ドネゴール自慢の秘境で、ヨーロッパ屈指の高さを誇る高さ600mの断崖「スリーヴ・リーグ(Slieve League)」や、ヨーロッパでも最も澄んだ空気の地域の一つとして認定されている「グレンヴェー国立公園(Glenveagh National Park)」、歌姫エンヤの家族が経営するパブ「レオズタバーン」などにも日帰りで繰り出すことができます。
- グレンヴェー国立公園
- アイルランド / 自然・景勝地
- 住所:Glenveagh National Park ドニゴール アイルランド地図で見る
- Web:http://www.glenveaghnationalpark.ie/
- レオズタバーン
- アイルランド / 居酒屋・バー
- 住所:Meenaleck, Crolly, Co. Donegal,Ireland地図で見る
- 電話:+353 74 954 8143
- Web:http://leostavern.com/
7. 海藻と石でできた、大西洋に浮かぶアラン諸島
アイルランド西部の街・ゴールウェイ、モハーの断崖に程近いクレア州ドゥーリンの街の沖合いにアラン諸島があります。先史時代、初期キリスト教時代の古代遺跡が多くあり、フェリーで30分~1時間以内で行ける距離ですが本土とは異なる雰囲気の土地で、年間30万人近くの人たちが訪れるなど、多くの観光客を惹きつけています。
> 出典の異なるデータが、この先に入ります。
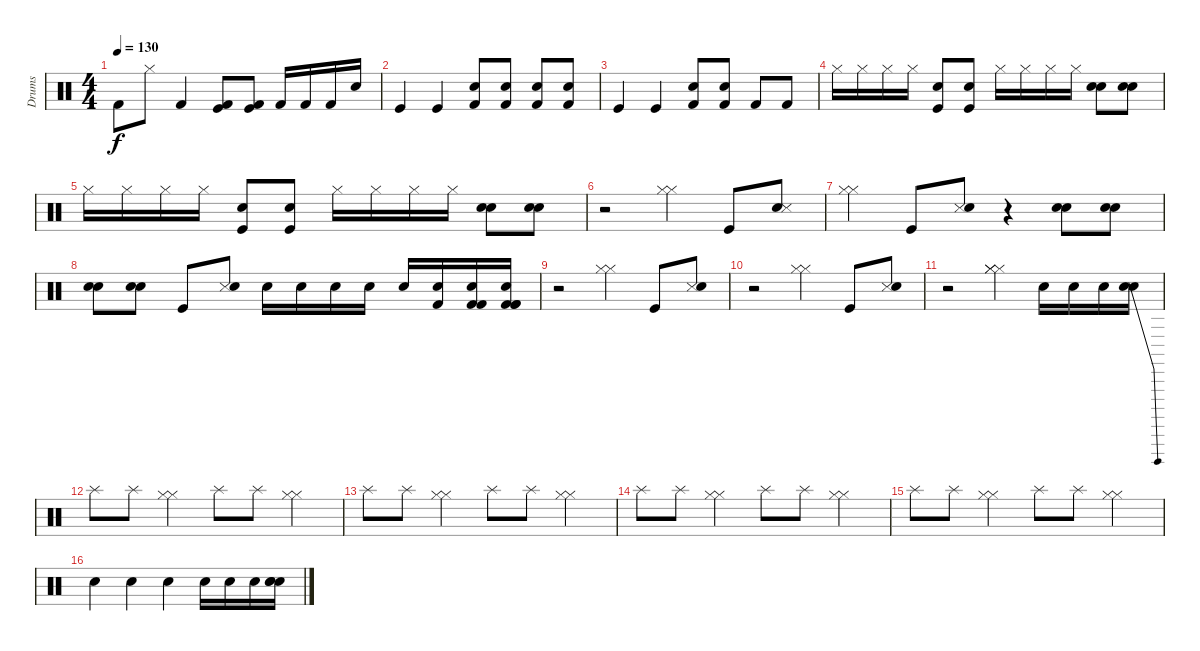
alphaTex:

アラン諸島を構成するのは主に3島で、西からイニシュモア島(Inishmore)、イニシュマーン島(Inishmaan)、そしてイニシィア島(Inisheer)です。いずれの島も上陸したらレンタサイクルか島の観光バス、観光馬車または徒歩で散策します。
また、これらの島々に最初に居を構えた人々は、大西洋から吹き荒れる潮風や雨に土地が飛ばされないように、礎となる岩の上に海藻を敷き、石を積み上げて土地を固定しました。
イニシュモア島(Inishmore)はアラン諸島最大の島で、ユネスコの世界自然遺産にも登録されているドン・エンガス(Dun Aonghasa)があります。
フェリー発着場からは距離にして約7km、海に向かって半円の石が積まれているのが3,000年前のものだとされるドン・エンガスの古代遺跡です。軍事要塞としてだけでなく、政治や経済、宗教のかつての中心地だったとされ、人々の暮らしの中心にあったものでした。
また、少しマニアックですがおすすめの小島がイニシュマーン島(Inishmaan)とイニシィア島(Inisheer)です。いずれの島も、徒歩でも数時間あれば十分にまわることができます。
特におすすめなのは、住人わずか200人のイニシィア島(Inisheer)です。小島ながら、美しい砂浜や丘の上のオブライアン城、廃墟の7人の娘たちの教会など見所が多くあります。美しい白浜へ向かってフェリーで上陸すると、すぐに見えるのがオブライアン城です。ここからは島全体だけでなく、イニシュマーン島も眺めることができます。